Data supplied:

_____

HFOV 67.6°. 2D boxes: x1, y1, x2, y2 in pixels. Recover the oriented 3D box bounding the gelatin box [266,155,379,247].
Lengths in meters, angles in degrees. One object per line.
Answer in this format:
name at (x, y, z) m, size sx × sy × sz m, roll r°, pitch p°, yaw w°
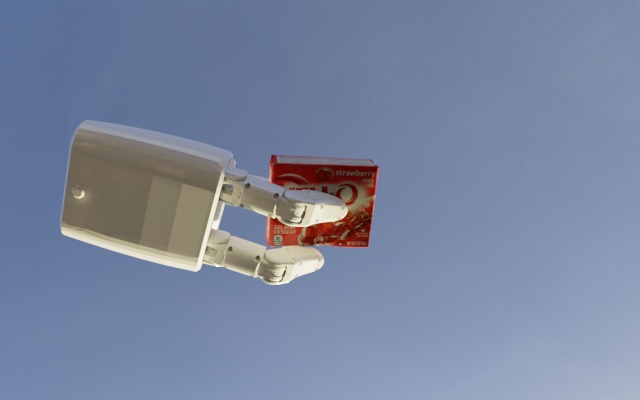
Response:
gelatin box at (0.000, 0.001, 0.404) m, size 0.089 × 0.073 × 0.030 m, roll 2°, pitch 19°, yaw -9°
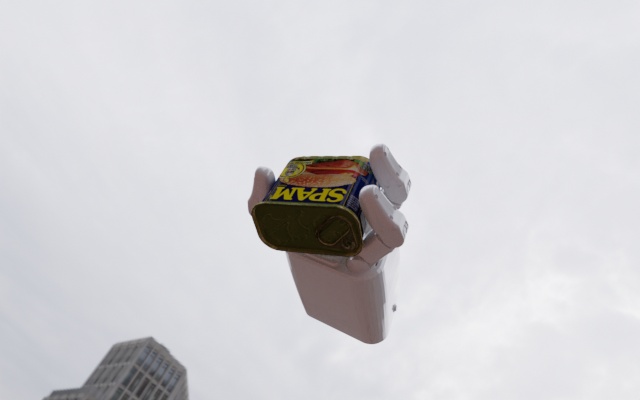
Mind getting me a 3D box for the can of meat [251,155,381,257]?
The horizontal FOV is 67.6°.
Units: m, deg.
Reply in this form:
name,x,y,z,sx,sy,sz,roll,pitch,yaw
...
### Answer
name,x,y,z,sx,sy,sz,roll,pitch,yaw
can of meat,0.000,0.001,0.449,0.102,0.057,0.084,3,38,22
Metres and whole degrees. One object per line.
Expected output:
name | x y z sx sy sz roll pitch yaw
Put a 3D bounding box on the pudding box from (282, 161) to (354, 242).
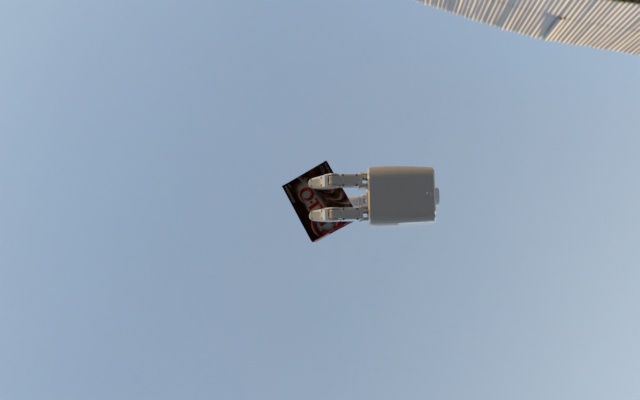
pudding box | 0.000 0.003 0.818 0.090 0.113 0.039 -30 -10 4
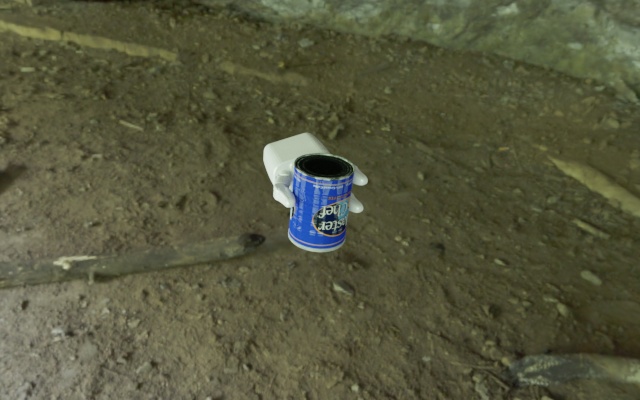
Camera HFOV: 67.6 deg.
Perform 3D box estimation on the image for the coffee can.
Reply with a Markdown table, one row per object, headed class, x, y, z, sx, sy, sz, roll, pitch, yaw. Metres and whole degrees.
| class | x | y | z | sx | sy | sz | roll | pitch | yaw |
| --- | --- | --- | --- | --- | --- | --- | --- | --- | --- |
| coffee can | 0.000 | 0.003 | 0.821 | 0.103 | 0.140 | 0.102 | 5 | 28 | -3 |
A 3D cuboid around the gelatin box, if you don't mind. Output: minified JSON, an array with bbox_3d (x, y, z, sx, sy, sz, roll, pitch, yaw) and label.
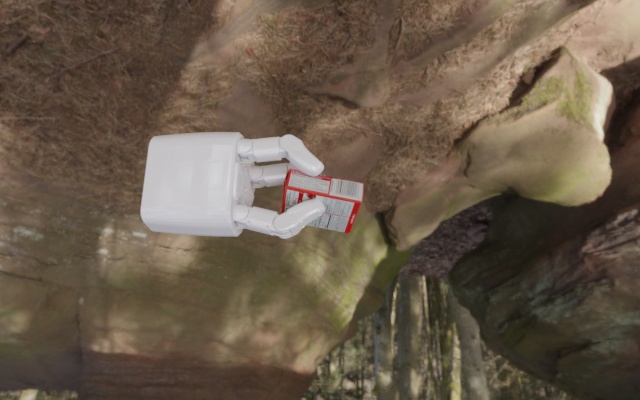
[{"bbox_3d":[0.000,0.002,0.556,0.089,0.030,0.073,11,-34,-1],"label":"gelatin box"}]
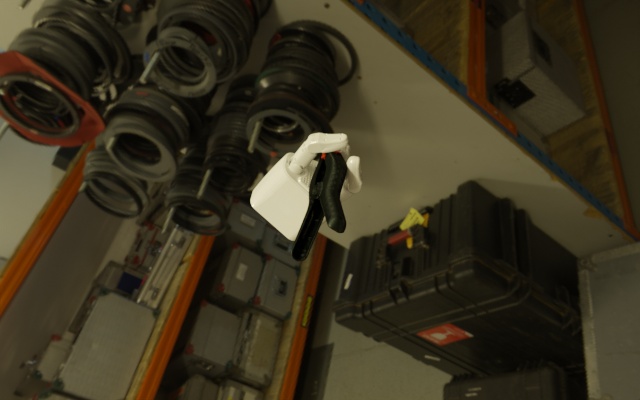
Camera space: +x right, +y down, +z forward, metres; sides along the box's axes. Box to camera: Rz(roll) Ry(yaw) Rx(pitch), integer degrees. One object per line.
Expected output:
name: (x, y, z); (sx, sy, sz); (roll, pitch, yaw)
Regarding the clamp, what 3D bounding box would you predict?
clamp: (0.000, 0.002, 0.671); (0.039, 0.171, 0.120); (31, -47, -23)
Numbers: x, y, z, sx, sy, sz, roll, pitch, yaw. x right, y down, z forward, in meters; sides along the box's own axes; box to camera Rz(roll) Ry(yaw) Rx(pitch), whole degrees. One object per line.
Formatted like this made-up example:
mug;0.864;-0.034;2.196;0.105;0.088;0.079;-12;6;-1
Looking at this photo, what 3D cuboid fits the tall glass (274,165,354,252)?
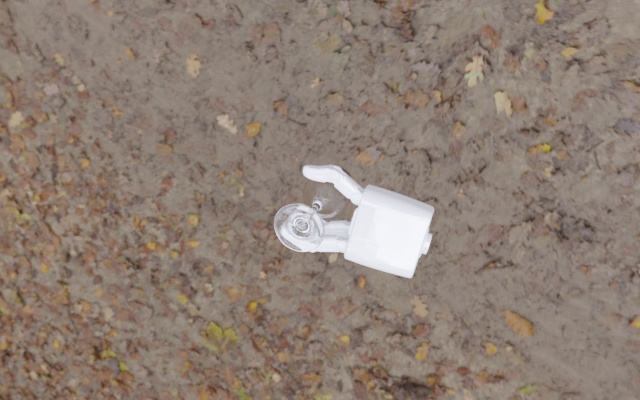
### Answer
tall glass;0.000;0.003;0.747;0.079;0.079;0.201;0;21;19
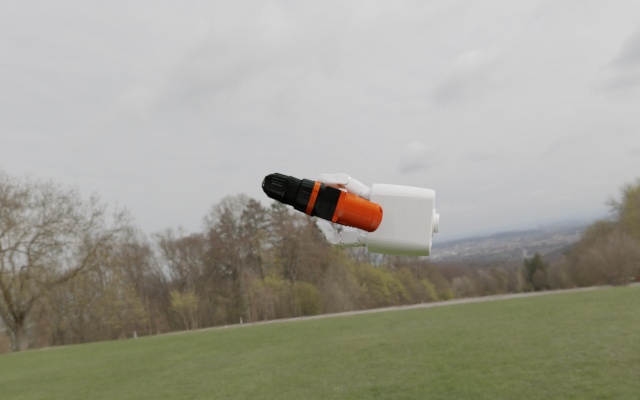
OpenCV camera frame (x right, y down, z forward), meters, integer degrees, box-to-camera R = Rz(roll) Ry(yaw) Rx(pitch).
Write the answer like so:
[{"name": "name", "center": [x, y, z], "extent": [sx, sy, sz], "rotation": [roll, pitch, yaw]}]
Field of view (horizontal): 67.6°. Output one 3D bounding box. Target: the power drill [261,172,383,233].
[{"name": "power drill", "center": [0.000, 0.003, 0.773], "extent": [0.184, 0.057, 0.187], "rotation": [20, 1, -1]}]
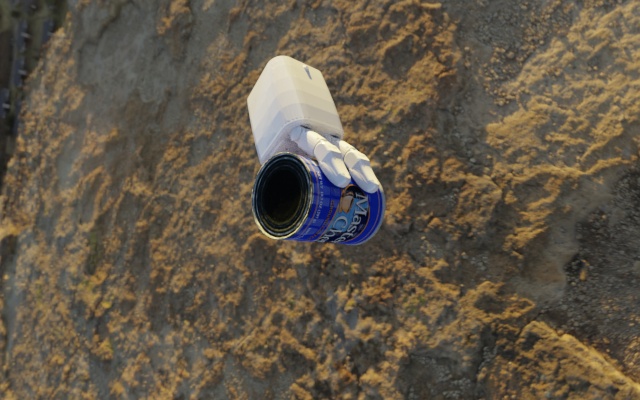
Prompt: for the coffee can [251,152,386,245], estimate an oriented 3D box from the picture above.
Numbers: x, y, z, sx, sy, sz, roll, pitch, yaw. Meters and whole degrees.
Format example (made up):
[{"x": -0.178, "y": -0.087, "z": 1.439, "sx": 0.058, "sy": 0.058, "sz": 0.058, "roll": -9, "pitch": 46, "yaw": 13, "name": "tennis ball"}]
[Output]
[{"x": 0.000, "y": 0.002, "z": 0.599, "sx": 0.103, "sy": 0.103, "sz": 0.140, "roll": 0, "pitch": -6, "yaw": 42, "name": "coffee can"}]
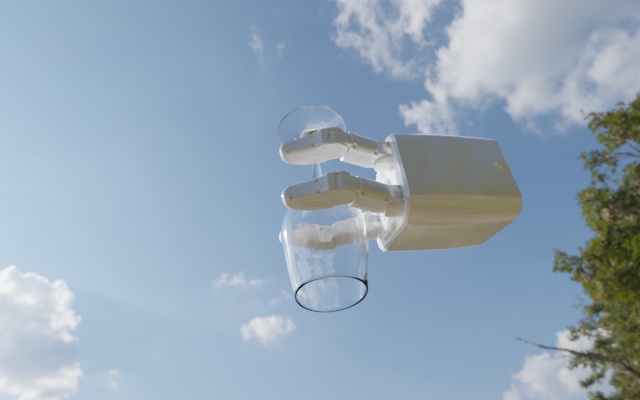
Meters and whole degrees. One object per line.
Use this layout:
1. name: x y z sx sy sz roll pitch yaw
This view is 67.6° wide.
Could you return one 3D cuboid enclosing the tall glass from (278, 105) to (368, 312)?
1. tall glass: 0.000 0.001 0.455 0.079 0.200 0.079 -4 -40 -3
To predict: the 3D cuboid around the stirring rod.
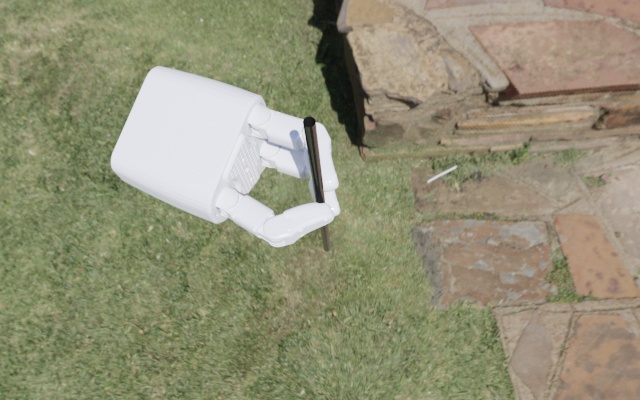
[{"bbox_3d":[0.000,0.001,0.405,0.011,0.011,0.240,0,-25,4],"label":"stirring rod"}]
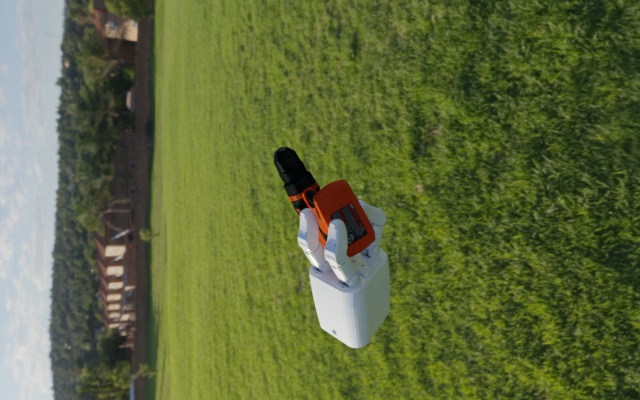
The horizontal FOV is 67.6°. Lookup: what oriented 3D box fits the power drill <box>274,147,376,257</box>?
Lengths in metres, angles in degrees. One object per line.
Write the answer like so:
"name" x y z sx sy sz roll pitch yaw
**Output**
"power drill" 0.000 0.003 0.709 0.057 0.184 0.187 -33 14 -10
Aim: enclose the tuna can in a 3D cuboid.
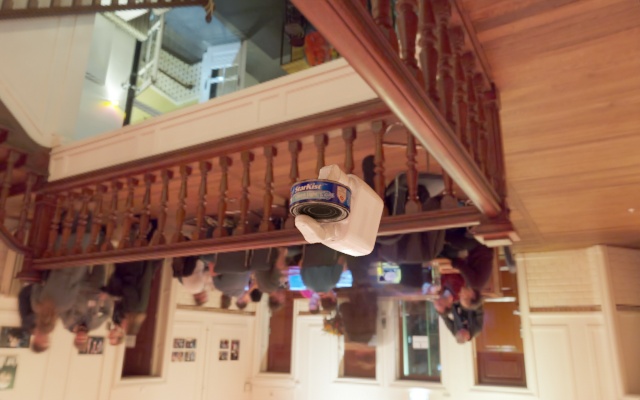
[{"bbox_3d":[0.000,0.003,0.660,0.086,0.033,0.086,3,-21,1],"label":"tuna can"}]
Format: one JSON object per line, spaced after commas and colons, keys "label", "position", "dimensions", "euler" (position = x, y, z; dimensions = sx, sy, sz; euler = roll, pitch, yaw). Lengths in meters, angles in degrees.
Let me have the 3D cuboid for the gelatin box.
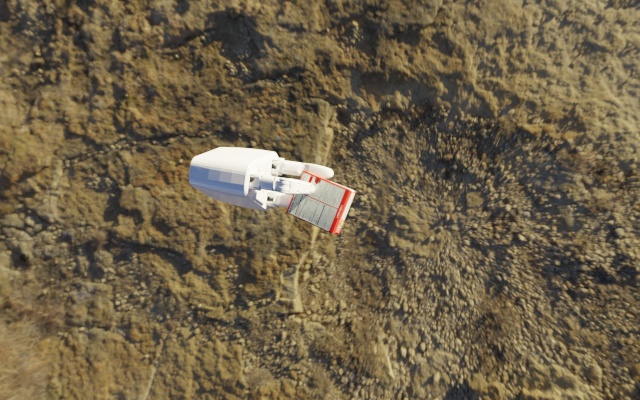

_____

Work required:
Please return all of the material above exactly, minus any pictures.

Exercise solution:
HFOV 67.6°. 2D boxes: x1, y1, x2, y2 in pixels. Recover the oriented 3D box bounding the gelatin box [266,155,379,247].
Lengths in meters, angles in degrees. One object per line.
Answer in this format:
name at (x, y, z) m, size sx × sy × sz m, roll r°, pitch p°, yaw w°
Response:
gelatin box at (0.000, 0.001, 0.404) m, size 0.089 × 0.073 × 0.030 m, roll 2°, pitch 19°, yaw -9°
Mind getting me a 3D box for the can of meat [251,155,381,257]?
The horizontal FOV is 67.6°.
Units: m, deg.
Reply in this form:
name,x,y,z,sx,sy,sz,roll,pitch,yaw
...
### Answer
name,x,y,z,sx,sy,sz,roll,pitch,yaw
can of meat,0.000,0.001,0.449,0.102,0.057,0.084,3,38,22
Metres and whole degrees. One object per line.
Expected output:
name | x y z sx sy sz roll pitch yaw
Put a 3D bounding box on the pudding box from (282, 161) to (354, 242).
pudding box | 0.000 0.003 0.818 0.090 0.113 0.039 -30 -10 4
Camera HFOV: 67.6 deg.
Perform 3D box estimation on the image for the coffee can.
Reply with a Markdown table, one row per object, headed class, x, y, z, sx, sy, sz, roll, pitch, yaw. Metres and whole degrees.
| class | x | y | z | sx | sy | sz | roll | pitch | yaw |
| --- | --- | --- | --- | --- | --- | --- | --- | --- | --- |
| coffee can | 0.000 | 0.003 | 0.821 | 0.103 | 0.140 | 0.102 | 5 | 28 | -3 |
A 3D cuboid around the gelatin box, if you don't mind. Output: minified JSON, an array with bbox_3d (x, y, z, sx, sy, sz, roll, pitch, yaw) and label.
[{"bbox_3d":[0.000,0.002,0.556,0.089,0.030,0.073,11,-34,-1],"label":"gelatin box"}]
Camera space: +x right, +y down, +z forward, metres; sides along the box's axes. Box to camera: Rz(roll) Ry(yaw) Rx(pitch), integer degrees. One object per line.
Expected output:
name: (x, y, z); (sx, sy, sz); (roll, pitch, yaw)
Regarding the clamp, what 3D bounding box would you predict?
clamp: (0.000, 0.002, 0.671); (0.039, 0.171, 0.120); (31, -47, -23)
Numbers: x, y, z, sx, sy, sz, roll, pitch, yaw. x right, y down, z forward, in meters; sides along the box's own axes; box to camera Rz(roll) Ry(yaw) Rx(pitch), whole degrees. One object per line.
Formatted like this made-up example:
mug;0.864;-0.034;2.196;0.105;0.088;0.079;-12;6;-1
Looking at this photo, what 3D cuboid fits the tall glass (274,165,354,252)?
### Answer
tall glass;0.000;0.003;0.747;0.079;0.079;0.201;0;21;19
OpenCV camera frame (x right, y down, z forward), meters, integer degrees, box-to-camera R = Rz(roll) Ry(yaw) Rx(pitch).
Write the answer like so:
[{"name": "name", "center": [x, y, z], "extent": [sx, sy, sz], "rotation": [roll, pitch, yaw]}]
Field of view (horizontal): 67.6°. Output one 3D bounding box. Target: the power drill [261,172,383,233].
[{"name": "power drill", "center": [0.000, 0.003, 0.773], "extent": [0.184, 0.057, 0.187], "rotation": [20, 1, -1]}]
Prompt: for the coffee can [251,152,386,245], estimate an oriented 3D box from the picture above.
Numbers: x, y, z, sx, sy, sz, roll, pitch, yaw. Meters and whole degrees.
Format example (made up):
[{"x": -0.178, "y": -0.087, "z": 1.439, "sx": 0.058, "sy": 0.058, "sz": 0.058, "roll": -9, "pitch": 46, "yaw": 13, "name": "tennis ball"}]
[Output]
[{"x": 0.000, "y": 0.002, "z": 0.599, "sx": 0.103, "sy": 0.103, "sz": 0.140, "roll": 0, "pitch": -6, "yaw": 42, "name": "coffee can"}]
Meters and whole degrees. One object per line.
Use this layout:
1. name: x y z sx sy sz roll pitch yaw
This view is 67.6° wide.
Could you return one 3D cuboid enclosing the tall glass from (278, 105) to (368, 312)?
1. tall glass: 0.000 0.001 0.455 0.079 0.200 0.079 -4 -40 -3
To predict: the 3D cuboid around the stirring rod.
[{"bbox_3d":[0.000,0.001,0.405,0.011,0.011,0.240,0,-25,4],"label":"stirring rod"}]
The horizontal FOV is 67.6°. Lookup: what oriented 3D box fits the power drill <box>274,147,376,257</box>?
Lengths in metres, angles in degrees. One object per line.
Write the answer like so:
"name" x y z sx sy sz roll pitch yaw
**Output**
"power drill" 0.000 0.003 0.709 0.057 0.184 0.187 -33 14 -10
Aim: enclose the tuna can in a 3D cuboid.
[{"bbox_3d":[0.000,0.003,0.660,0.086,0.033,0.086,3,-21,1],"label":"tuna can"}]
Format: one JSON object per line, spaced after commas and colons, keys "label", "position", "dimensions", "euler" (position = x, y, z; dimensions = sx, sy, sz; euler = roll, pitch, yaw). Lengths in meters, angles in degrees.
Let me have the 3D cuboid for the gelatin box.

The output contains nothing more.